- The task -
Give back the full listing verbatim, apart from its images.

- Listed records -

---+---

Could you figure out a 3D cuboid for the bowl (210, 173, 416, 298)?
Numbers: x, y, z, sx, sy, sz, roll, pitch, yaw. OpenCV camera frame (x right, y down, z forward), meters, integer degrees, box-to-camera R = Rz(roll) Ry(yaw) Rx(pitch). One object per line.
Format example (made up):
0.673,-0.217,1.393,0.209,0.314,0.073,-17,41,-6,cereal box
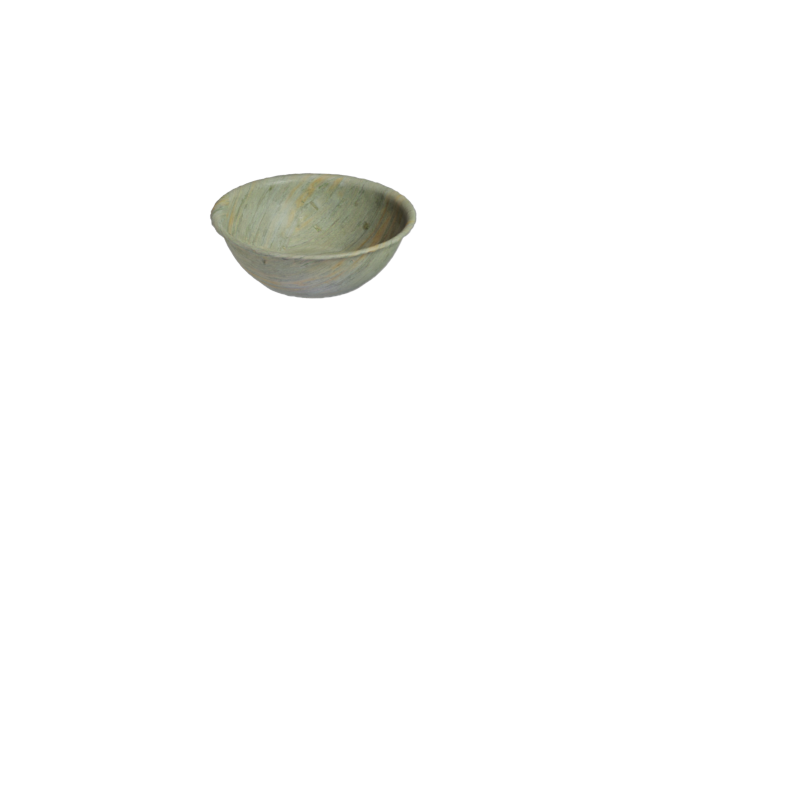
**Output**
-0.069,-0.125,0.879,0.162,0.052,0.172,-1,31,-2,bowl

---+---

- Written solution -
Could you figure out a 3D cuboid for the bowl (210, 173, 416, 298)?
Numbers: x, y, z, sx, sy, sz, roll, pitch, yaw. OpenCV camera frame (x right, y down, z forward), meters, integer degrees, box-to-camera R = Rz(roll) Ry(yaw) Rx(pitch). One object per line.
Format example (made up):
0.673,-0.217,1.393,0.209,0.314,0.073,-17,41,-6,cereal box
**Output**
-0.069,-0.125,0.879,0.162,0.052,0.172,-1,31,-2,bowl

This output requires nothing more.